AFRIMAG : En tant que président du SIMA, pouvez-vous nous dévoiler quelques exclusivités sur l’édition 2025 ?
MD : La prochaine édition du SIMA aura lieu en juin 2025 et conservera son format sur deux jours. Cette année, nous mettrons l’accent sur les ateliers et les masterclass pour renforcer le volet pédagogique. Nous avons également deux grandes annonces à faire qui contribueront à la structuration et à la valorisation des industries musicales africaines.
Pour ne rien manquer de ces nouveautés et suivre toute l’actualité du programme, j’invite toutes les personnes intéressées à se connecter dès maintenant sur nos réseaux sociaux et visitez notre site web : https://www.simaonline.net/. Cela leur permettra de rester informés et de se préparer à vivre une édition encore plus riche en découvertes et en opportunités !
AFRIMAG :D’autres initiatives sont-elles en préparation pour structurer les ICC en Côte d’Ivoire et en Afrique francophone ?
MD : Oui, plusieurs initiatives ont déjà été lancées et d’autres sont en préparation.
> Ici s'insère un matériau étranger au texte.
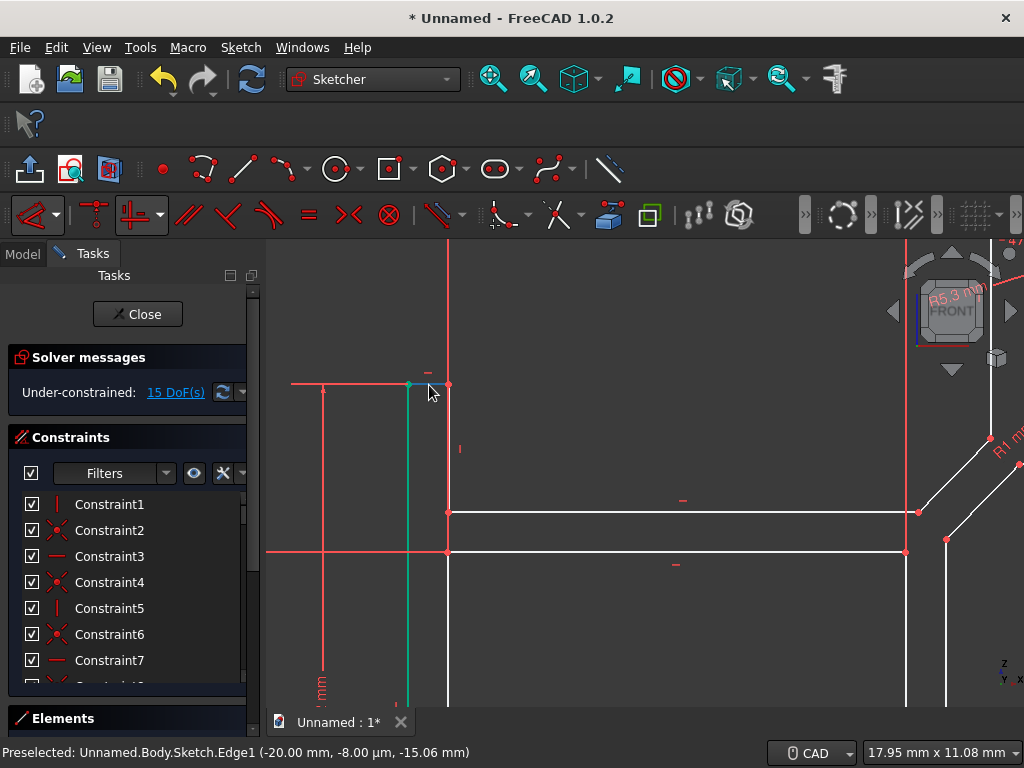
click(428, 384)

J’ai notamment organisé un workshop lors du FINAB, consacré à la présentation du SIMA et du programme Boost by SIMA, qui œuvre à la montée en compétences des professionnels des ICC. J’ai également eu l’opportunité d’intervenir comme panéliste au Choiseul Africa Summit, où nous avons échangé sur les enjeux de structuration et de financement des ICC en Afrique francophone.
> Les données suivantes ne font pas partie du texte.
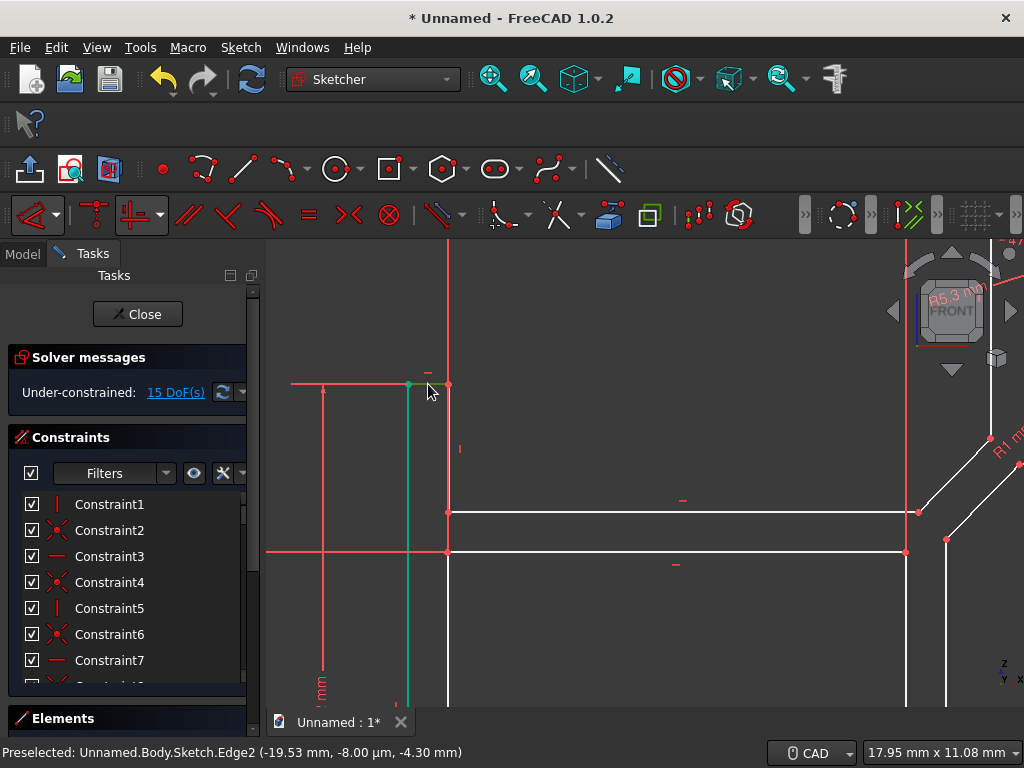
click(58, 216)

Par ailleurs, je travaille actuellement au développement de programmes de valorisation des créateurs de contenus dans les ICC, avec pour objectif de renforcer leur professionnalisation et leur accès aux outils de développement. D’autres annonces suivront très prochainement.
AFRIMAG : Comment évoluent les financements et investissements dans les ICC en Afrique francophone ?
MD : On observe une nette amélioration. De plus en plus d’organisations internationales comme Afrexim Bank, la Banque Africaine de Développement (BAD) ou l’Union européenne investissent dans les ICC. On a par exemple La Banque d’import-export africaine, Afreximbank qui a crée un fonds de capital-risque de 100 millions pour valoriser les droits de propriété intellectuelle africains. Lors du CANEX WKND 2024, elle a annoncé 540 millions de dollars d’investissements. Aussi, des acteurs privés comme Orange Côte d’Ivoire s’intéressent de plus en plus au secteur, et ont soutenu des initiatives comme le Boost by SIMA. Ces évolutions sont encourageantes, mais il reste encore beaucoup à faire pour que les ICC deviennent un moteur économique pleinement reconnu. J’invite les bailleurs de fonds à investir dans ce secteur, qui a besoin d’une réelle structuration pour continuer à se développer.